A company without a permanent CEO, with a growing dividend and declining market share. Welcome to HP
For the ninth consecutive year it has increased its dividend, in the last quarter it raised its full-year earnings outlook, and nearly half of the computers it sold now contain an AI chip, compared to less than a third last year. On top of that, the company generates almost $3 billion in free cash flow annually and has just signed a strategic partnership with OpenAI. Yet its stock has plunged by more than a third since November 2024 and today trades where it was a year and a half ago, as if it were a failing company rather than a technology veteran with rising earnings.

Key points
HP trades at a P/E of around 9x and a dividend yield of nearly 5%, significantly below the company's five-year valuation median.

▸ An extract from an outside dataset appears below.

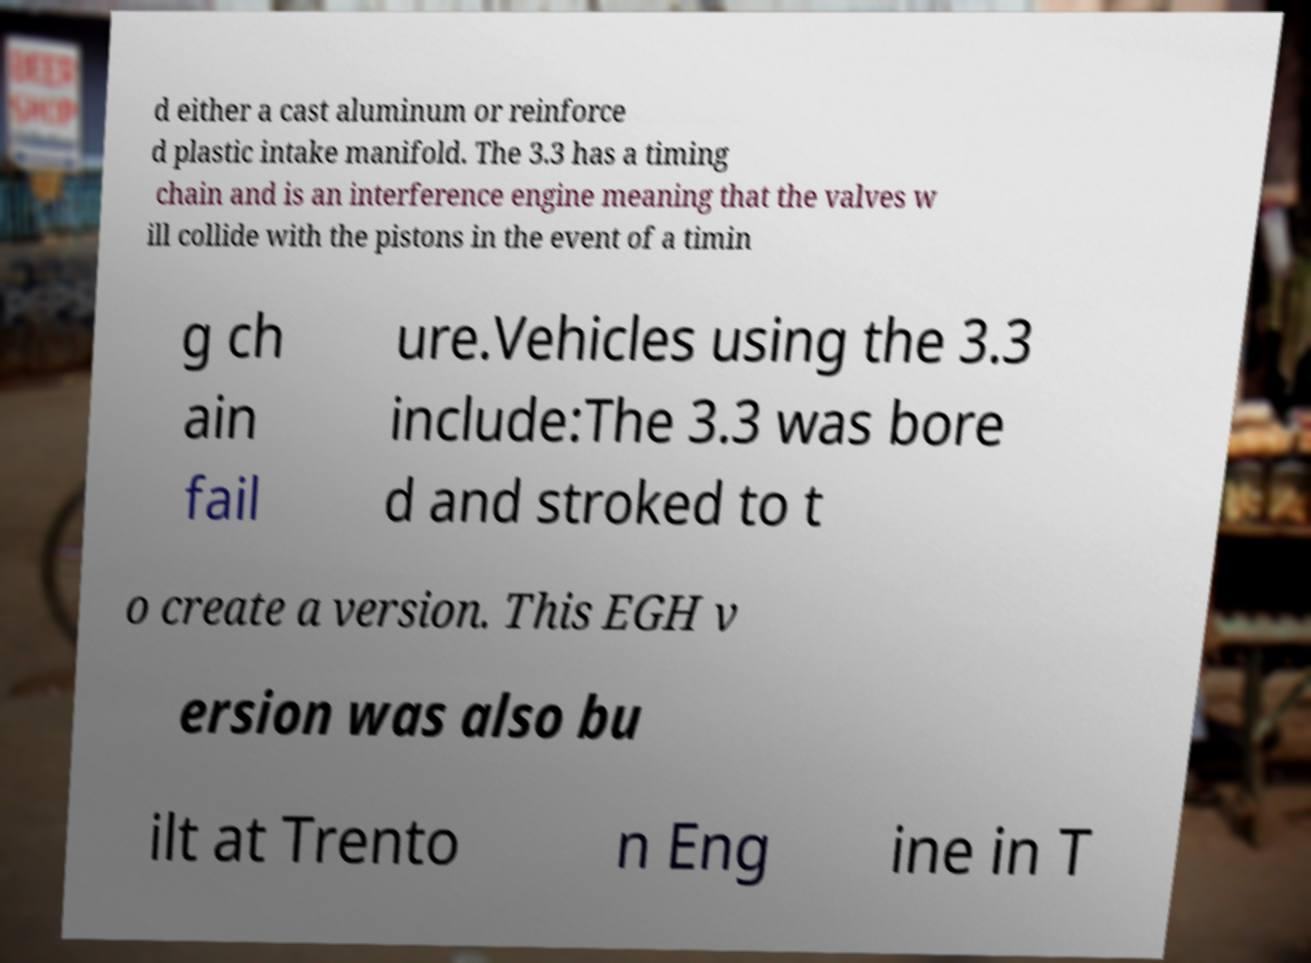Please read and relay the text visible in this image. What does it say? d either a cast aluminum or reinforce d plastic intake manifold. The 3.3 has a timing chain and is an interference engine meaning that the valves w ill collide with the pistons in the event of a timin g ch ain fail ure.Vehicles using the 3.3 include:The 3.3 was bore d and stroked to t o create a version. This EGH v ersion was also bu ilt at Trento n Eng ine in T

For the ninth straight year the dividend is growing, and the company also raised its full-year earnings outlook after a strong second quarter.
HP is the only one of the top 5 PC makers losing market share in Q1 2026, with shipments down 4.9% due to memflation.
The company is dealing with a CEO transition and the uncertain impact of the OpenAI partnership, both of which remain key risks for 2027.
HP Inc. shares have been trading in a range between $20 and $25 in recent weeks, well below their all-time highs from late 2024 when they traded above $36. The market values the company, with a market capitalization of around $22 billion, at a price/earnings ratio of about 9x and a dividend yield of nearly 5%, while HP also faces structural questions about the future of the PC market in the AI era. Over the last 52 weeks the stock has lost roughly 12% of its value, and the company is also undergoing a CEO transition. The combination of low valuation, a stable dividend, and an uncertain medium-term strategy makes HP an interesting but complicated investment case that deserves a closer look at the business, finances, and risks.
Company overview
HP Inc. has carried its current name since November 2015, when the original Hewlett-Packard, founded in a Palo Alto garage in 1939 by Bill Hewlett and David Packard, split into two companies. The corporate infrastructure, servers, and enterprise services were spun off into the newly formed Hewlett Packard Enterprise, while the parent company kept the consumer and commercial hardware – i.e., PCs and printers – and was renamed HP Inc. Legally, it is the continuation of the same corporation founded in 1939, including its dividend payment history, which has been uninterrupted since 1965, and its original ticker symbol $HPQ.
The company is now headquartered in Palo Alto, California, and operates in two main segments, Personal Systems and Printing, plus a smaller Corporate Investments segment. By shipment market share, HP is the world’s second-largest PC maker after Lenovo and ahead of Dell, with a global distribution network and a broad customer base split between consumers and business clients. About two-thirds of revenue comes from outside the United States, making it sensitive to exchange rates and regional demand but also less dependent on a single market.